Sempat dibahas dalam forum yang melibatkan berbagai komunitas pengguna sepeda sport, yang juga mengundang B2W Indonesia, kebijakan itu sebetulnya bisa dipahami.
Di antara pengguna sepeda, untuk berbagai keperluan pun, ada yang memanfaatkannya untuk berolahraga dengan mengutamakan kecepatan dan ketahanan fisik. Mereka perlu difasilitasi. Di antara mereka ada yang merupakan atau berpotensi menjadi atlet.
“Dalam forum tersebut, kami menegaskan pentingnya melakukan sosialisasi yang intensif dan baik sebelum memberlakukan kebijakan,” papar dia.
Di saat hal itu belum sepenuhnya dilakukan, malah kegiatan seperti Kamis Tarkam di Jalan Sudirman pada Kamis lalu berlangsung, didukung organisasi sepeda sport resmi pula.
“Karena itu, kami mengimbau pemerintah DKI Jakarta untuk membatalkan uji coba jalur dan mengkaji kembali rencana pemberian kemudahan itu.
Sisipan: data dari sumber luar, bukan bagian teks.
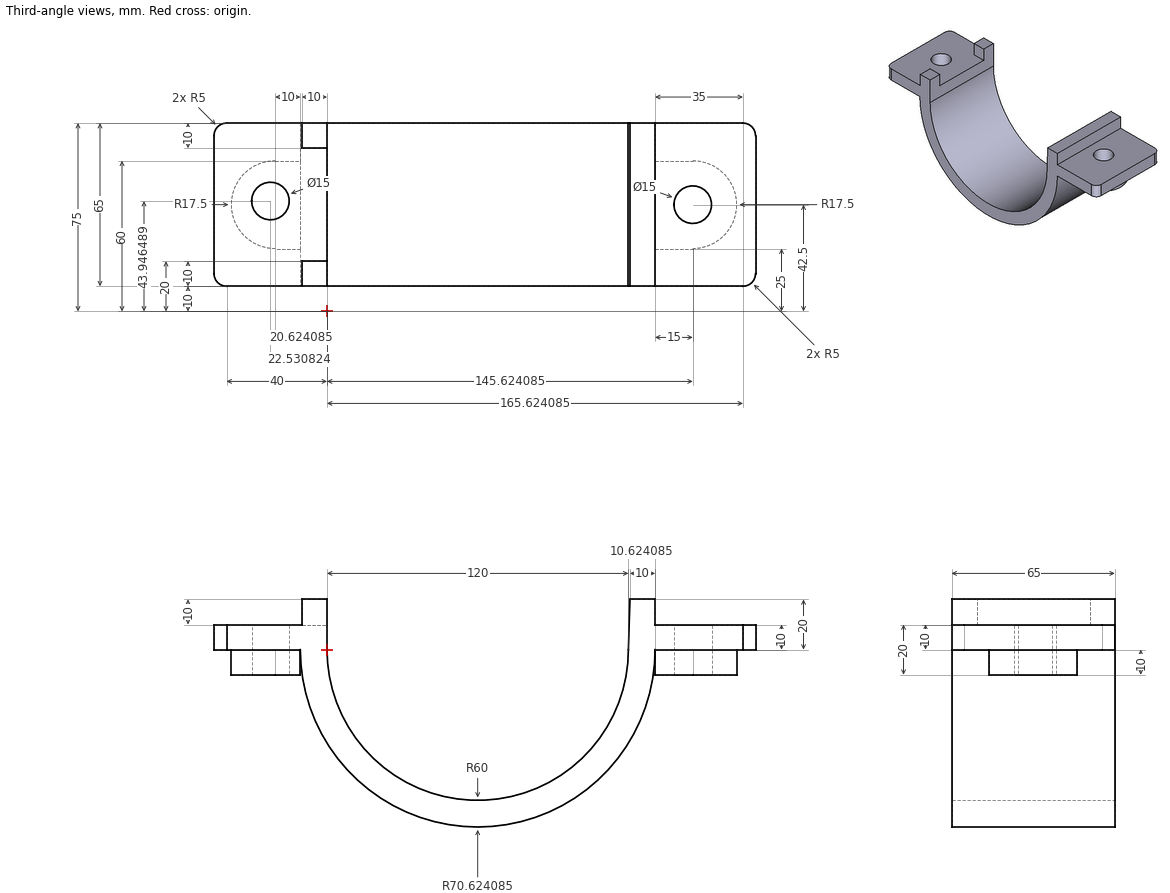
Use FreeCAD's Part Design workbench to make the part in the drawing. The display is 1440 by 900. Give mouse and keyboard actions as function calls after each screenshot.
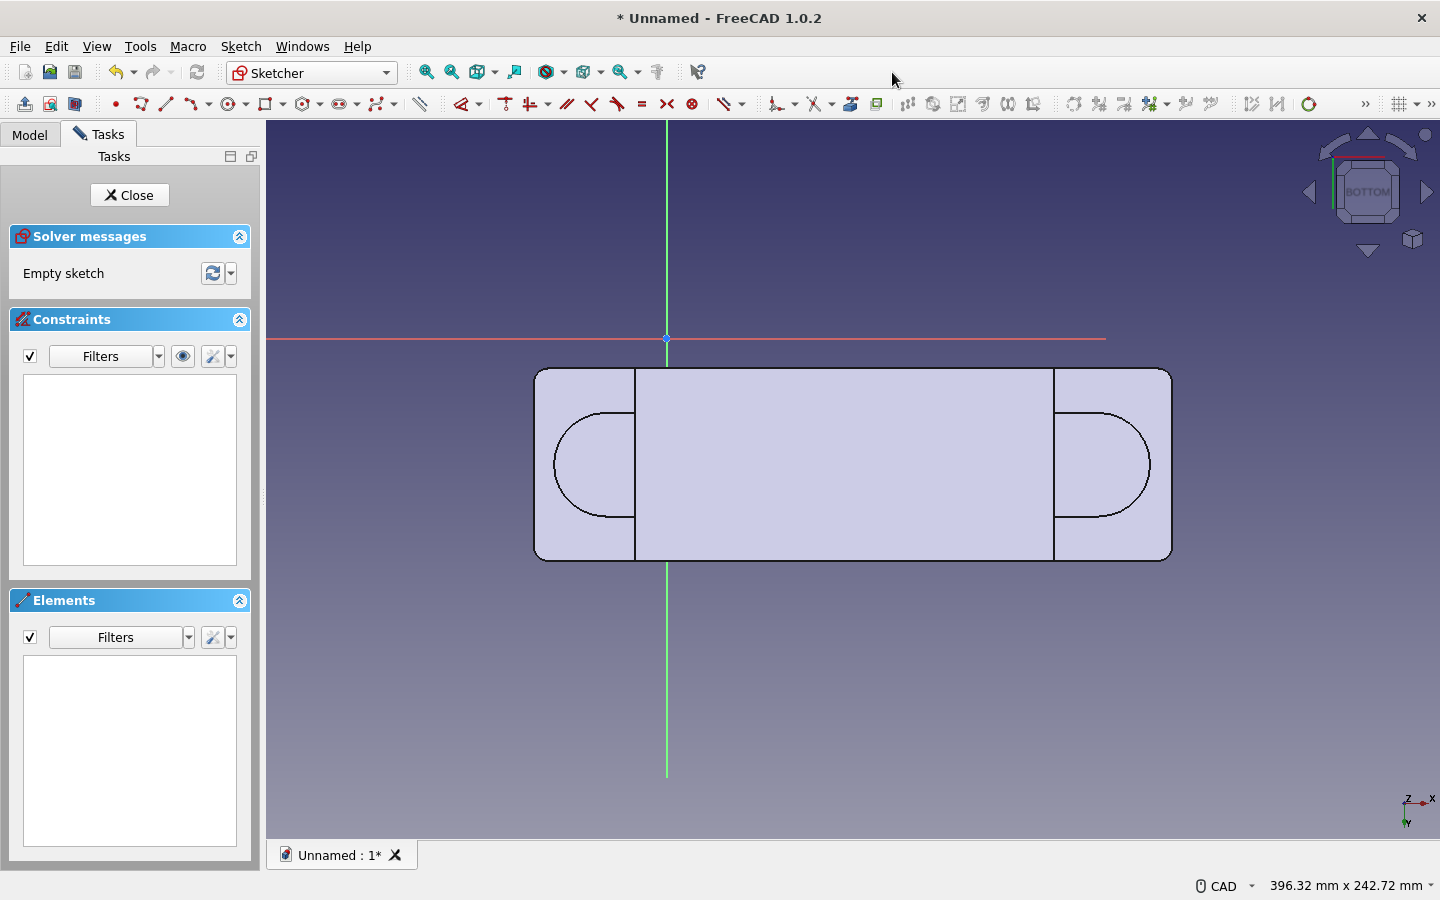
scroll(1130, 463, up, 12)
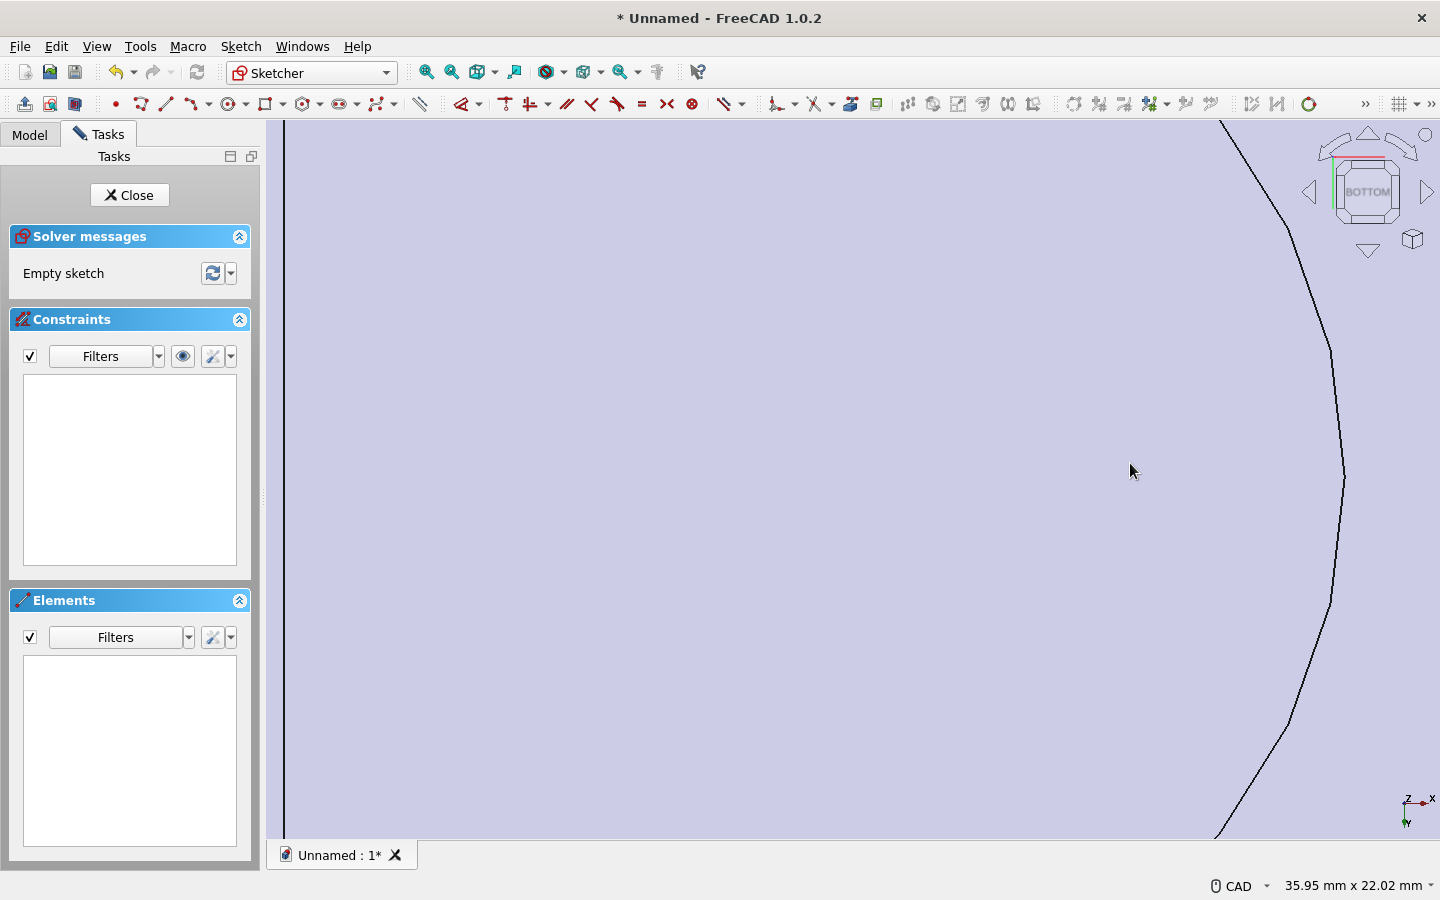
key(g)
key(c)
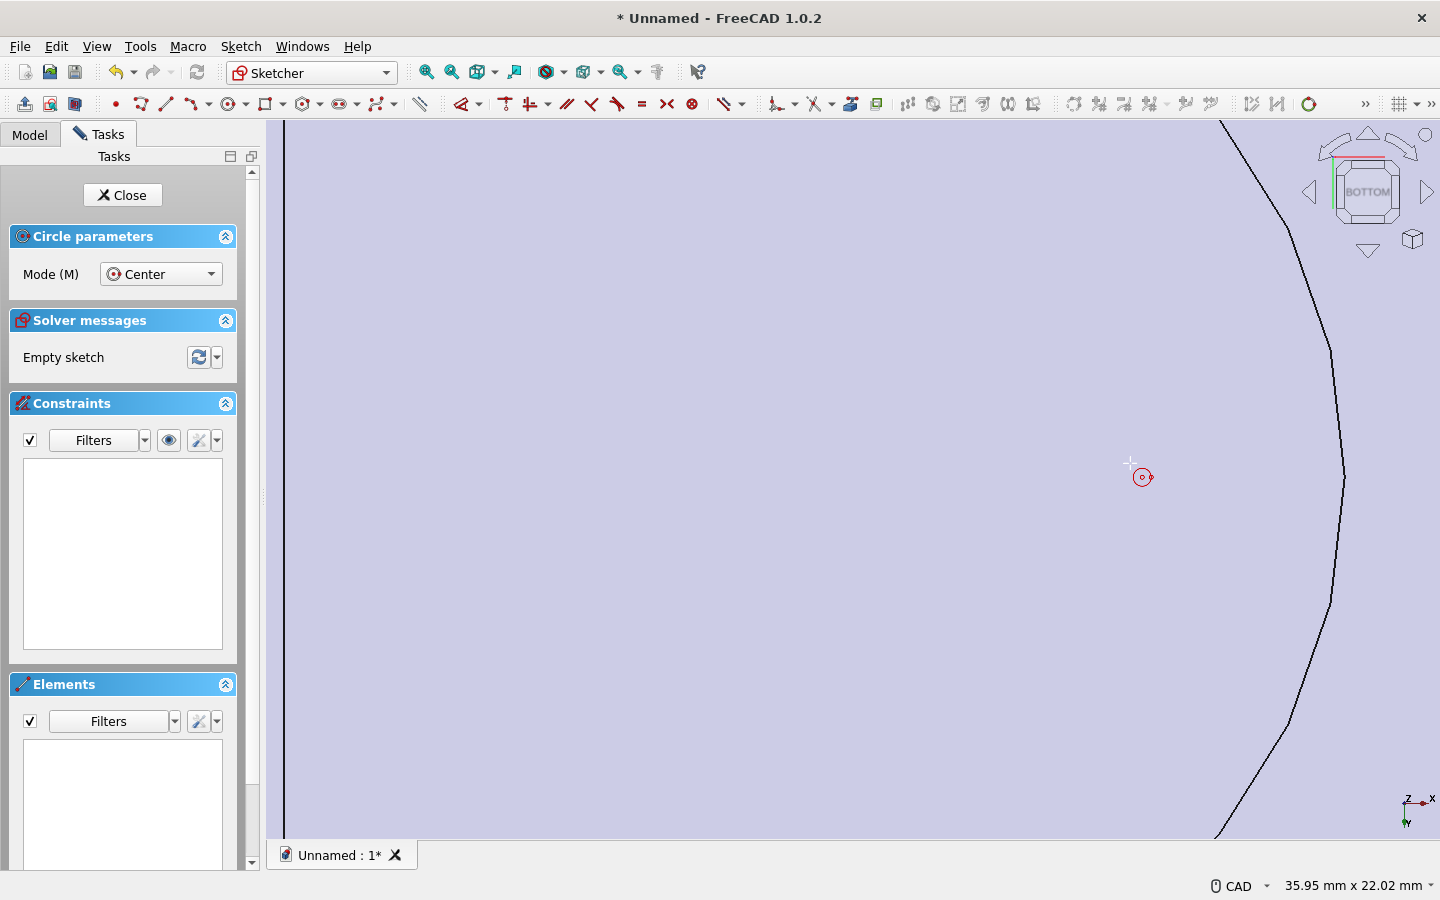
click(773, 477)
move(946, 304)

Pemilihan jalan layang non-tol disarankan untuk dihindari mengingat adanya bahaya akibat empasan angin kencang; dalam praktiknya, beberapa jalan layang flyover malah terlarang untuk pengguna sepeda dan pejalan kaki,” sambungnya.
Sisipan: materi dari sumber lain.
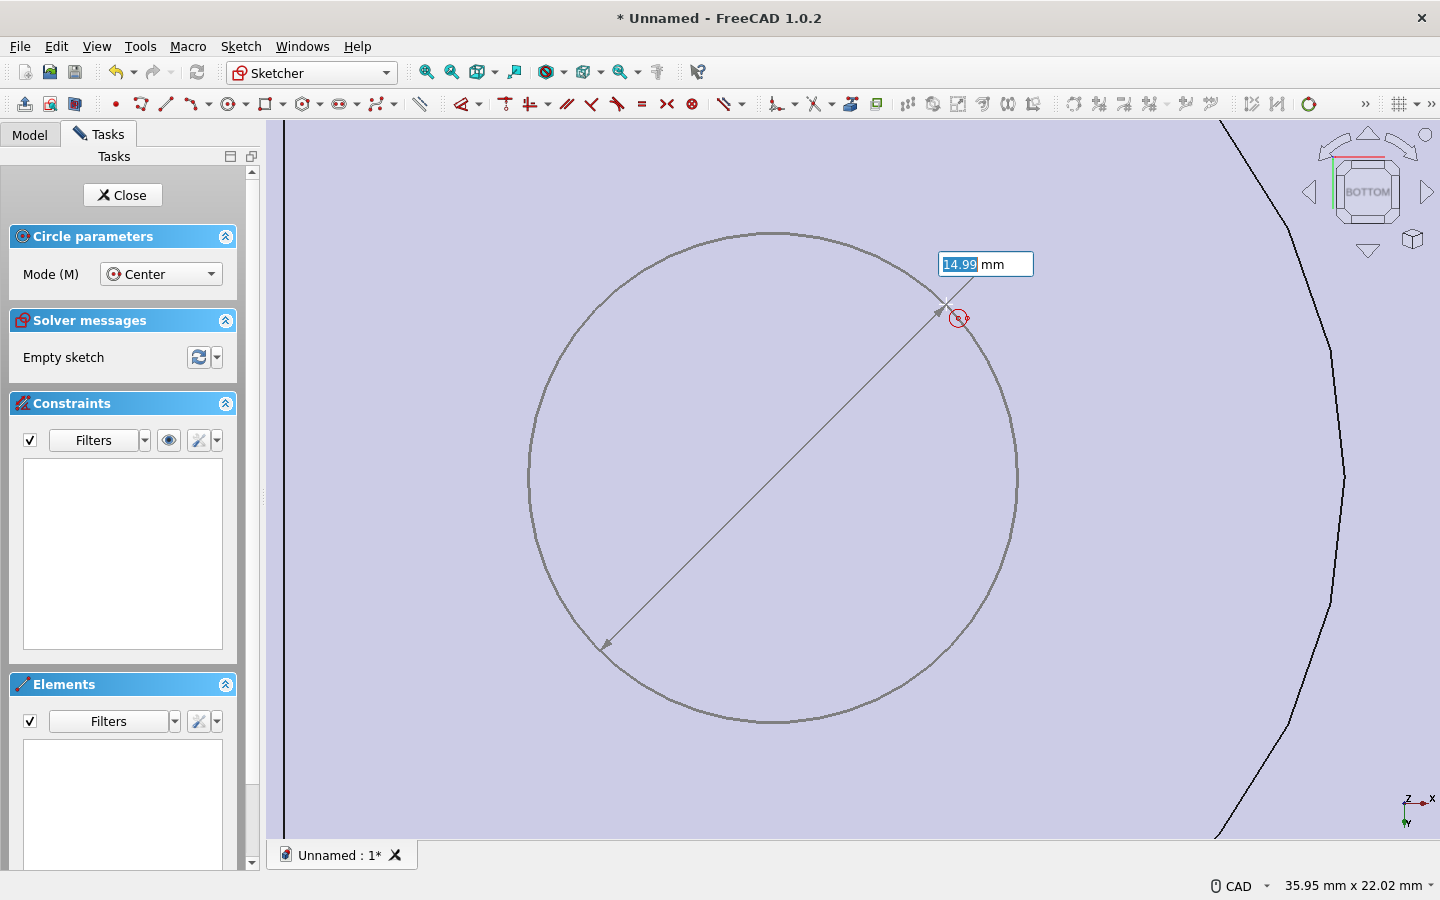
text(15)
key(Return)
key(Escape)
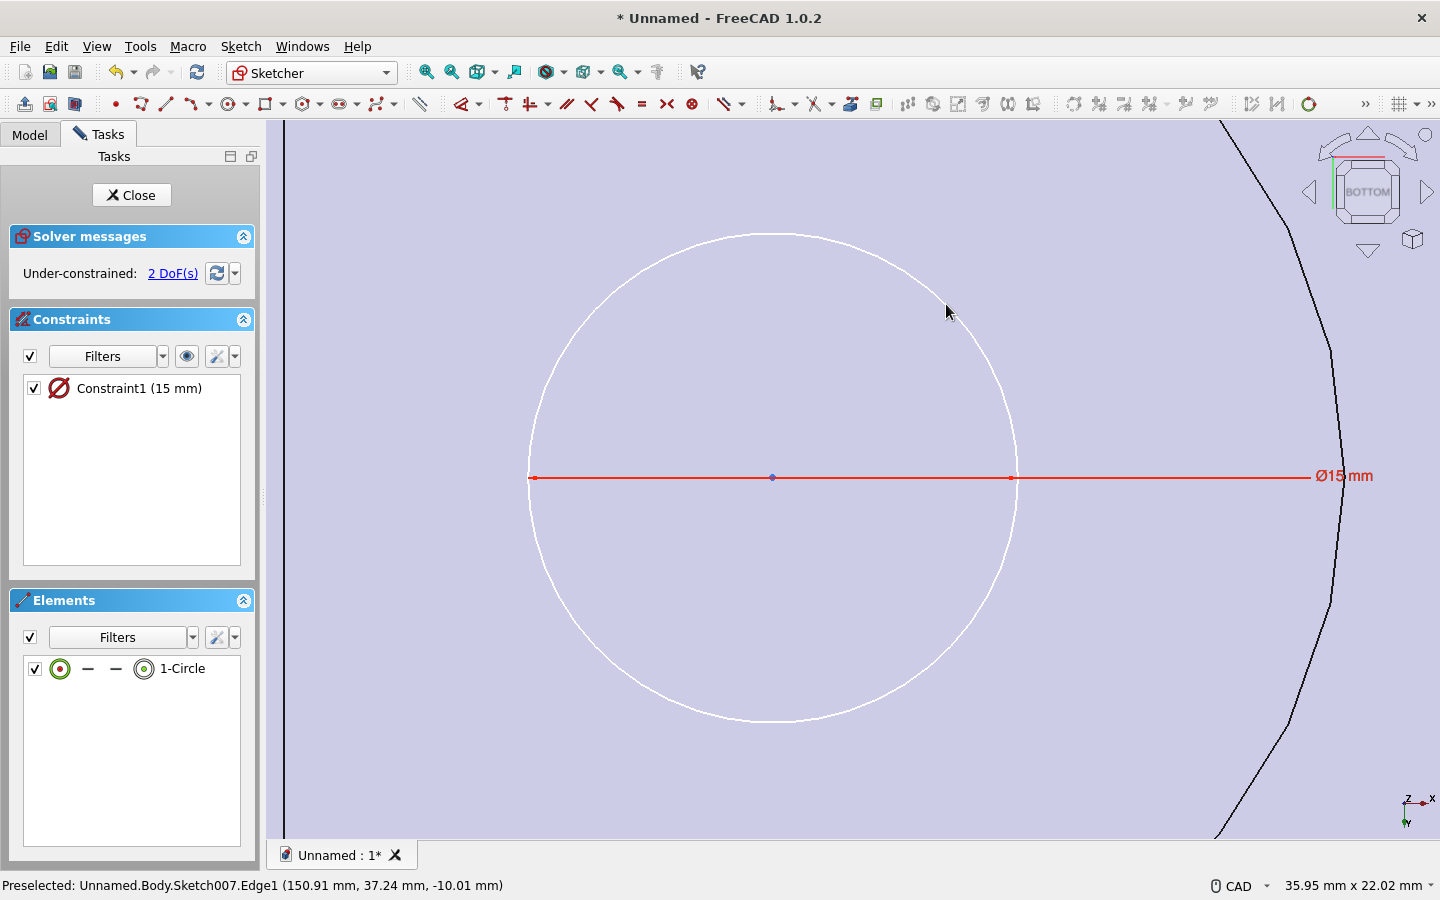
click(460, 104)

Sementara itu, Rio dari RSA menyebut, sebagai bahan pertimbangan lain, sudah waktunya pula pemerintah perlu menyambut seruan Perserikatan Bangsa-Bangsa untuk mengadopsi 30 km/jam sebagai batas maksimum kecepatan di dalam kota, batas yagn aman dan lebih menjamin keselamatan bahkan jika terjadi kecelakaan.
“Jalan raya di dalam kota seharusnya bebas dari situasi yang membahayakan,” ujar Rio.
Alfred Sitorus, Koalisi Pejalan Kaki berujar, jika tujuan yang lebih besar adalah mengajak semakin banyak orang mau bersepeda untuk menjalani mobilitas sehari-hari, kemudahan bagi pengguna sepeda sport itu tidak bakal mempermudah.
“Karena antipati terhadap pengguna sepeda tetap bersifat pukul rata, yang merugikan pengguna sepeda harian,” paparnya.
Harus dipikirkan pula lokasi lain yang lebih pas untuk pengguna sepeda sport. Lebih baik pemerintah DKI Jakarta mengerahkan upaya yang lebih besar untuk memudahkan orang bepergian di dalam kota dengan sepeda.
“Tentu dalam kondisi aman, selamat, dan menyenangkan,” tandasnya.